It is the amount of work done in bringing a body from $\infty$ to that point against gravitational force.
It is a Scalar quantity
SI Unit: Joule
Dimension : $\left[M L^2 T^{-2}\right]$
If the point mass M is producing the field
Then gravitational force on test mass m at a distance r from M is given by $F=\frac{G M m}{r^2}$
And the amount of work done in bringing a body from $\infty$ to $r$
$=W=\int_{\infty}^r \frac{G M m}{x^2} d x=-\frac{G M m}{r}$
And this is equal to gravitational potential energy
So $U=-\frac{G M m}{r}$
$U \rightarrow$ gravitational potential energy
$M \rightarrow$ Mass of source-body
$m \rightarrow$ mass of test body
$r \rightarrow$ distance between two
Note- $U$ is always negative in the gravitational field because Force is attractive in nature.

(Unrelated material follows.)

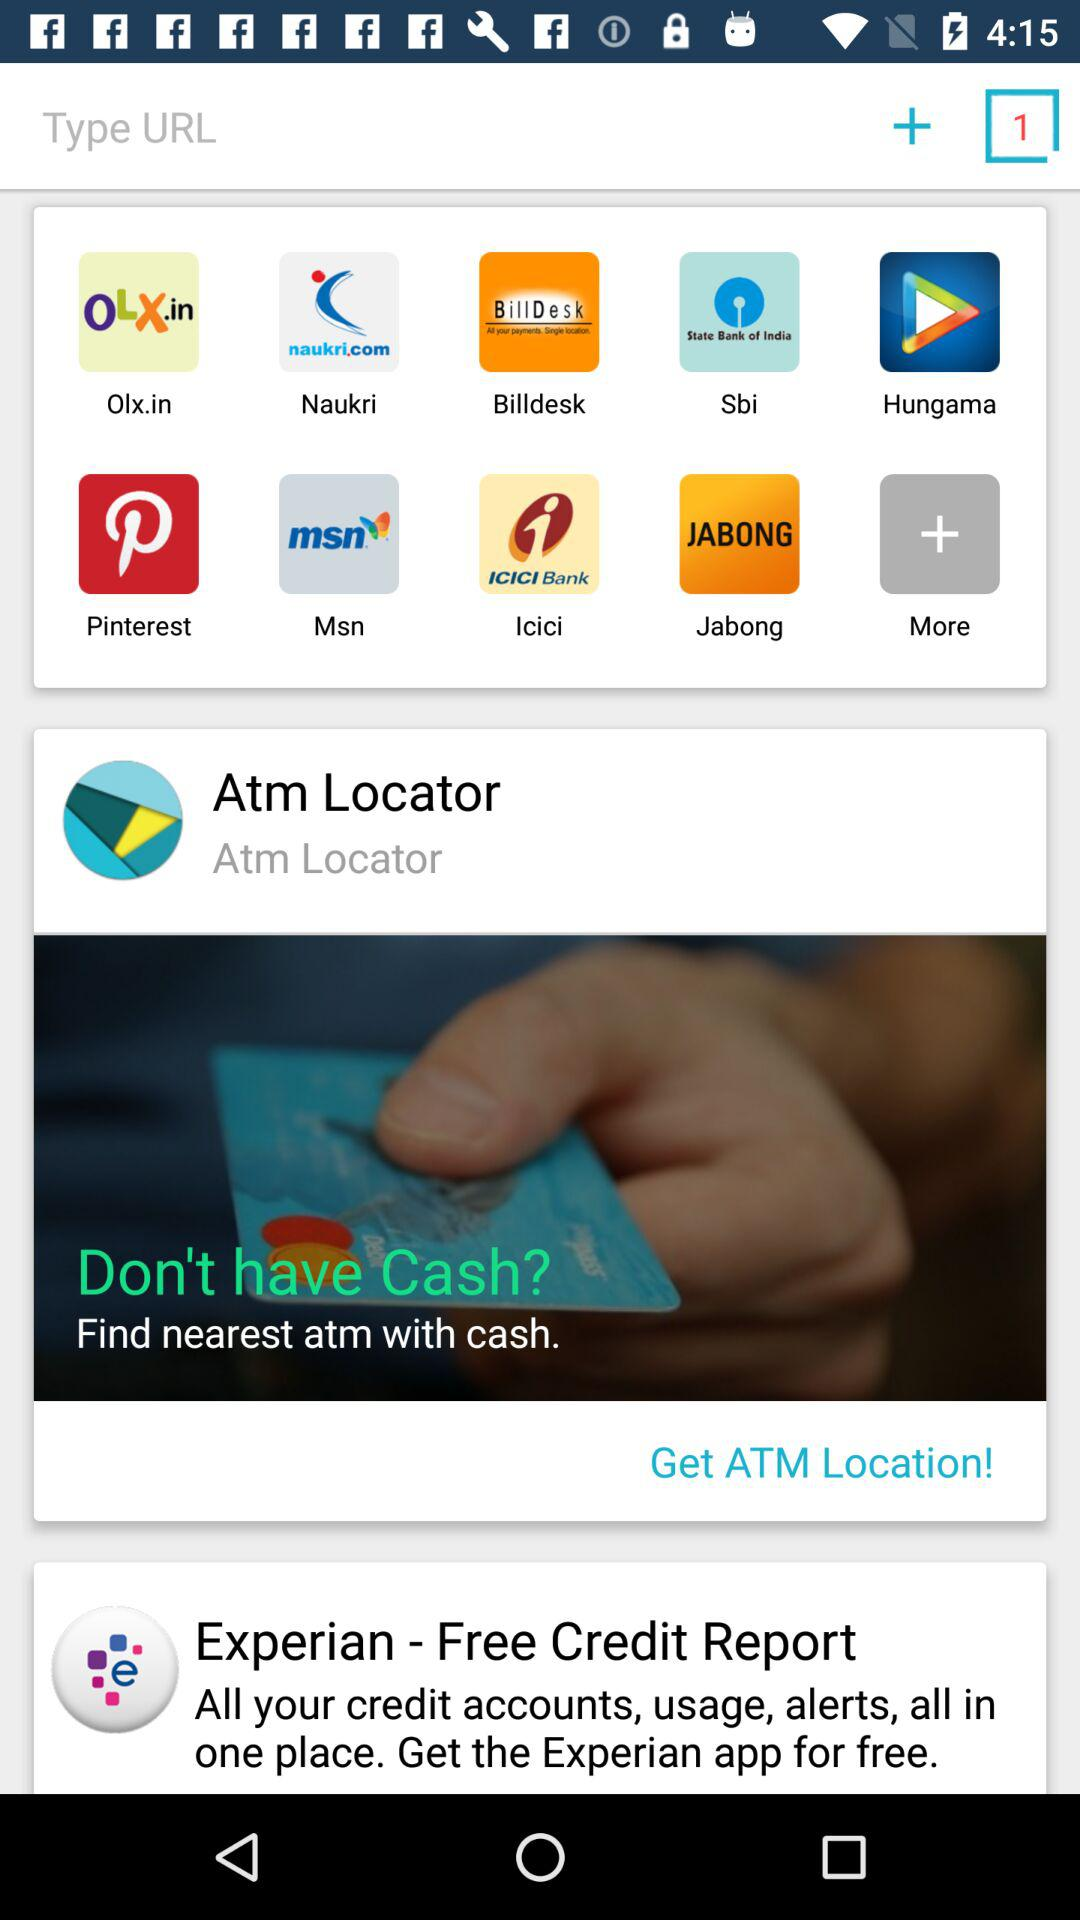How many tabs are open? There is 1 tab open.

This means As the distance $r$ increases $U$ becomes less negative
I.e $U$ will increase as $r$ increases
And for $r=\infty_2 \mathrm{U}=\mathrm{o}$ which is maximum
Gravitational Potential energy of discrete distribution of masses
$
U=-G\left[\frac{m_1 m_2}{r_{12}}+\frac{m_2 m_3}{r_{23}}+\cdots\right]
$
$U \rightarrow$ Net Gravitational Potential Energy
$r_{12}, r_{23} \rightarrow$ The distance of masses from each other
if a body of mass m is moved from $r_1$ to $r_2$
Then, the Change of potential energy is given as
$
\Delta U=G M m\left[\frac{1}{r_1}-\frac{1}{r_2}\right]
$
$\Delta U \rightarrow$ change of energy
$r_1, r_2 \rightarrow$ distances
If $r_1>r_2$ then the change in the potential energy of the body will be negative.
i.e. To decrease the potential energy of a body we have to bring that body closer to the earth.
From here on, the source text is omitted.